EXERCISE AIM
Only the lines running from the one with "From 0 ms to" to the end of the listing should be returned, each exactly as it appears, with both ends kept.
_ _ _ _
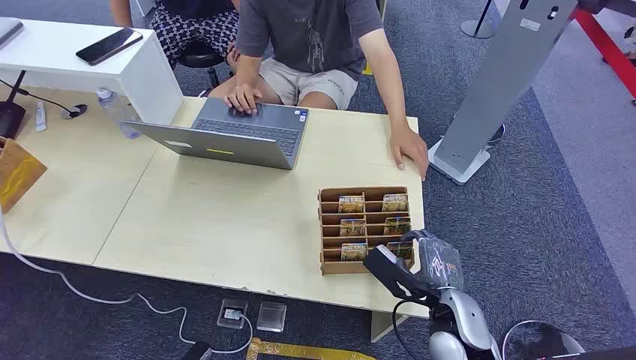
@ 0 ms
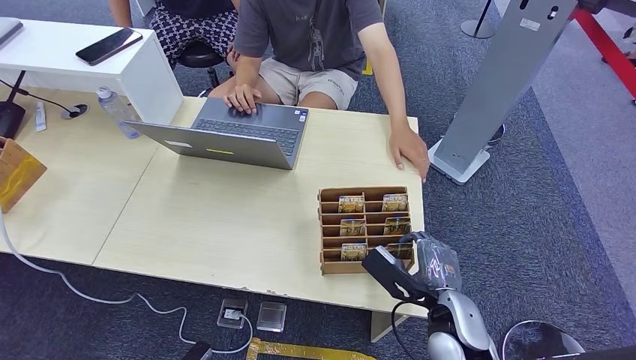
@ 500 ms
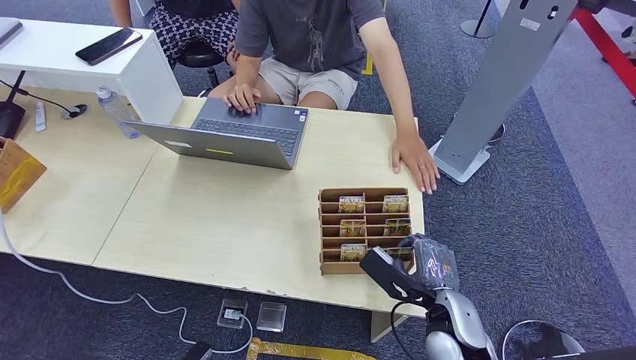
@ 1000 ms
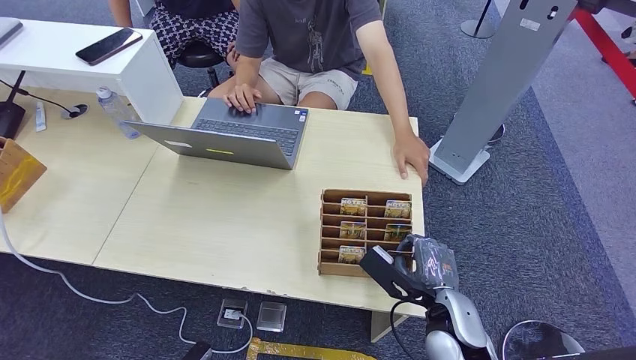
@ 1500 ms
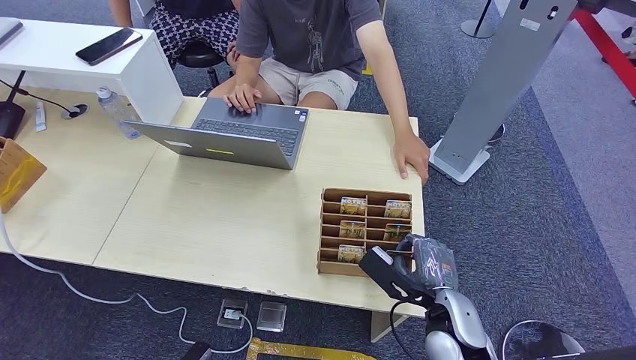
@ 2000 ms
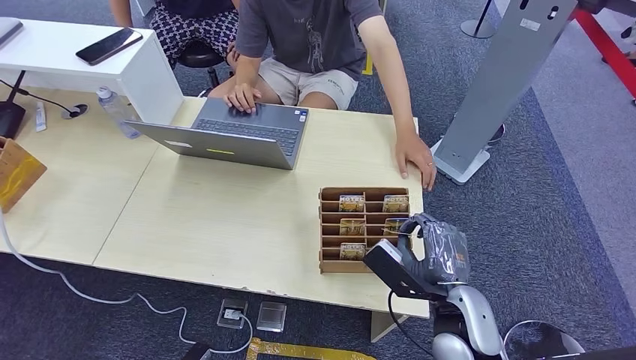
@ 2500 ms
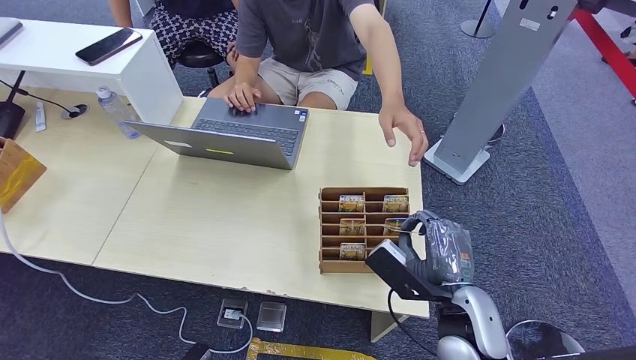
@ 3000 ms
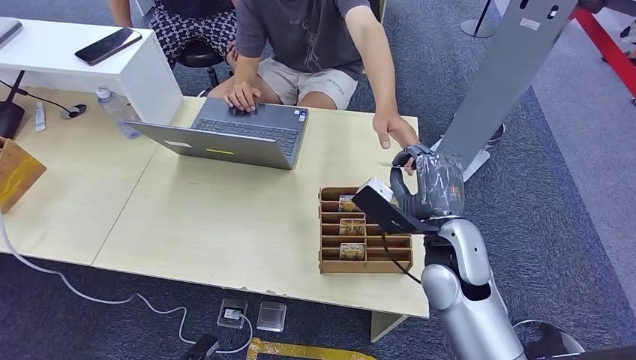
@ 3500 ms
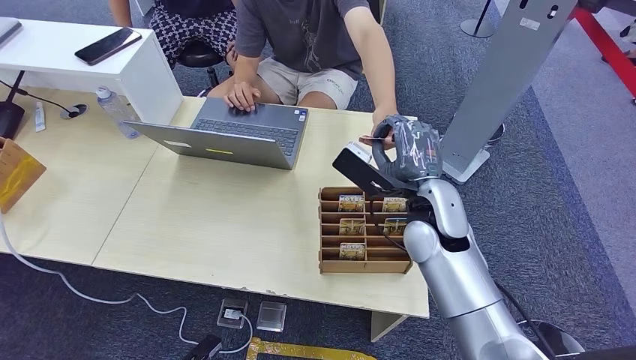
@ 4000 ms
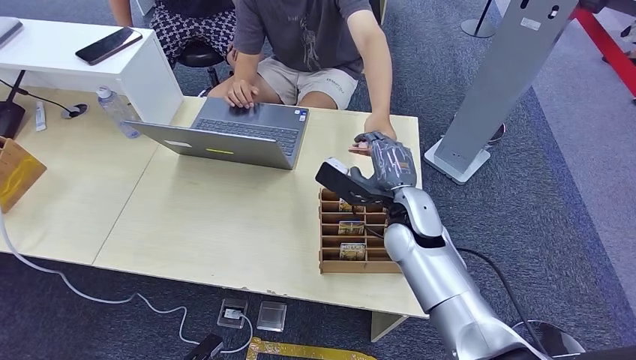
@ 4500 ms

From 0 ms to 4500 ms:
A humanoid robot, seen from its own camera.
_ _ _ _
ANSWER SECTION
From 0 ms to 4500 ms:
A humanoid robot, seen from its own camera.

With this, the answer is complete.